The Pentium (also referred to as P5, its microarchitecture, or i586) is a fifth generation, 32-bit x86 microprocessor that was introduced by Intel on March 22, 1993, as the very first CPU in the Pentium brand. It was instruction set compatible with the 80486 but was a new and very different microarchitecture design from previous iterations. The P5 Pentium was the first superscalar x86 microarchitecture and the world's first superscalar microprocessor to be in mass productionmeaning it generally executes at least 2 instructions per clock mainly because of a design-first dual integer pipeline design previously thought impossible to implement on a CISC microarchitecture. Additional features include a faster floating-point unit, wider data bus, separate code and data caches, and many other techniques and features to enhance performance and support security, encryption, and multiprocessing, for workstations and servers when compared to the next best previous industry standard processor implementation before it, the Intel 80486.

Considered the fifth main generation in the 8086 compatible line of processors, its implementation and microarchitecture was called P5. As with all new processors from Intel since the Pentium, some new instructions were added to enhance performance for specific types of workloads.

The Pentium was the first Intel x86 to build in robust hardware support for multiprocessing similar to that of large IBM mainframe computers. Intel worked closely with IBM to define this ability and then Intel designed it into the P5 microarchitecture. This new ability was absent in prior x86 generations and x86 copies from competitors.

To realize its greatest potential, compilers had to be optimized to exploit the instruction level parallelism provided by the new superscalar dual pipelines and applications needed to be recompiled. Intel spent substantial effort and resources working with development tool vendors, and major independent software vendor (ISV) and operating system (OS) companies to optimize their products for Pentium before product launch.

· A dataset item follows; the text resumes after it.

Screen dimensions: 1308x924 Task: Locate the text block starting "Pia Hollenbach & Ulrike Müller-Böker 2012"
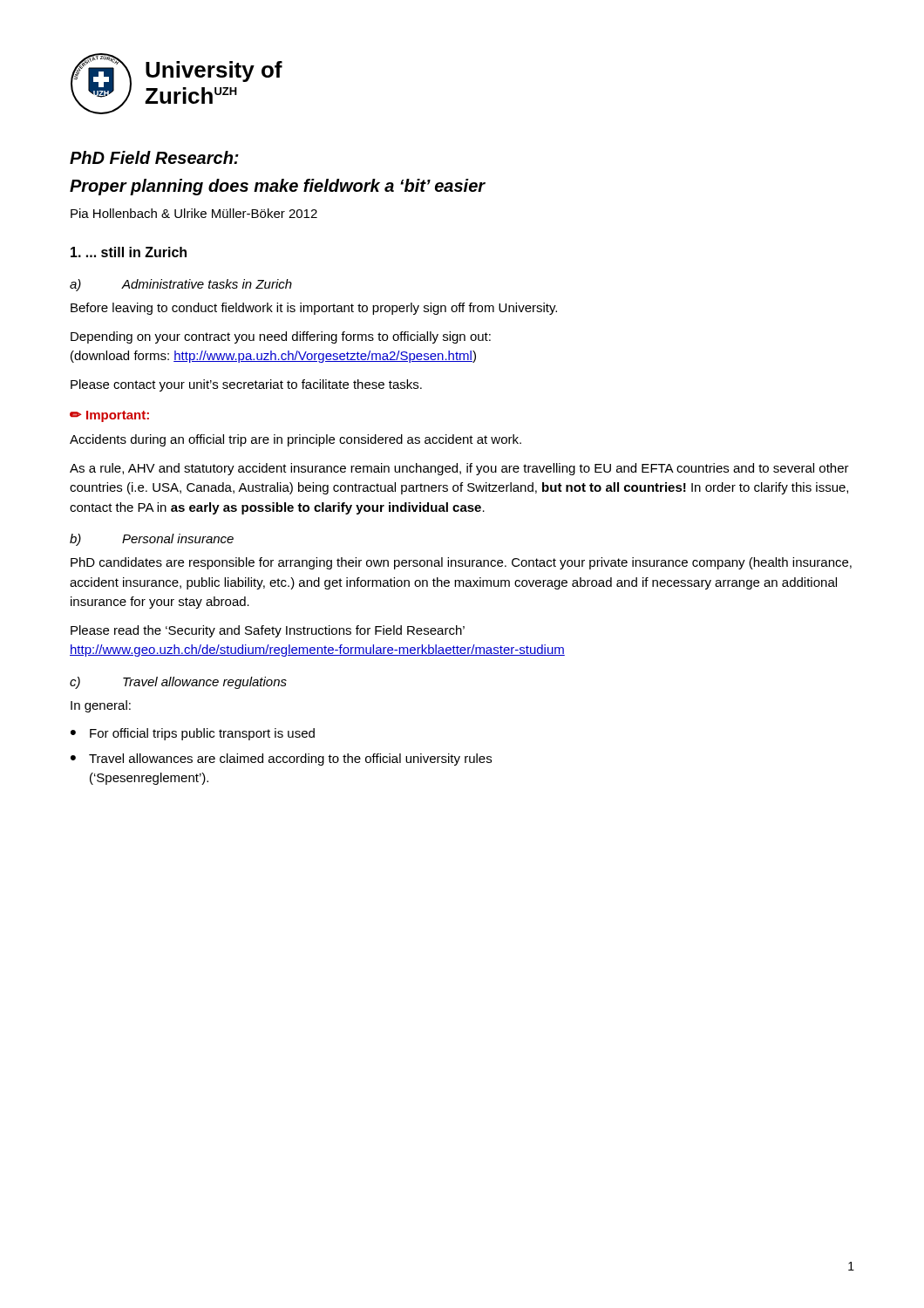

In October 1996, the similar Pentium MMX was introduced, complementing the same basic microarchitecture with the MMX instruction set, larger caches, and some other enhancements.

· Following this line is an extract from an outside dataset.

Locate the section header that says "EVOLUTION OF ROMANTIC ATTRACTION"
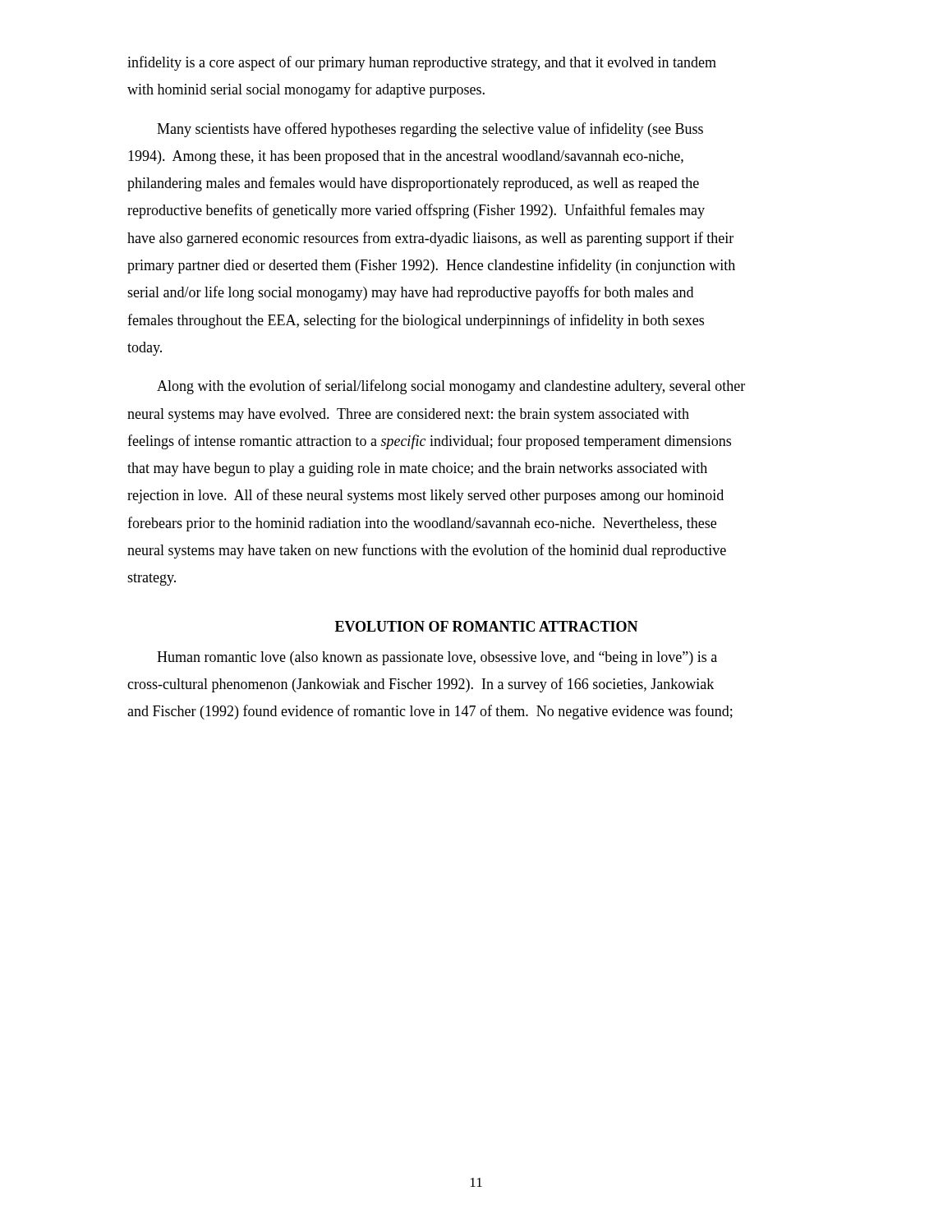486,626

Competitors included the Motorola 68040, Motorola 68060, PowerPC 601, and the SPARC, MIPS, Alpha families, most of which also used a superscalar in-order dual instruction pipeline configuration at some time.

Intel discontinued the P5 Pentium processors (sold as a cheaper product since the release of the Pentium II in 1997) in early 2000 in favor of the Celeron processor, which had also replaced the 80486 brand.

Development
The P5 microarchitecture was designed by the same Santa Clara team which designed the 386 and 486. Design work started in 1989; the team decided to use a superscalar architecture, with on-chip cache, floating-point, and branch prediction. The preliminary design was first successfully simulated in 1990, followed by the laying-out of the design. By this time, the team had several dozen engineers. The design was taped out, or transferred to silicon, in April 1992, at which point beta-testing began. By mid-1992, the P5 team had 200 engineers. Intel at first planned to demonstrate the P5 in June 1992 at the trade show PC Expo, and to formally announce the processor in September 1992, but design problems forced the demo to be cancelled, and the official introduction of the chip was delayed until the spring of 1993.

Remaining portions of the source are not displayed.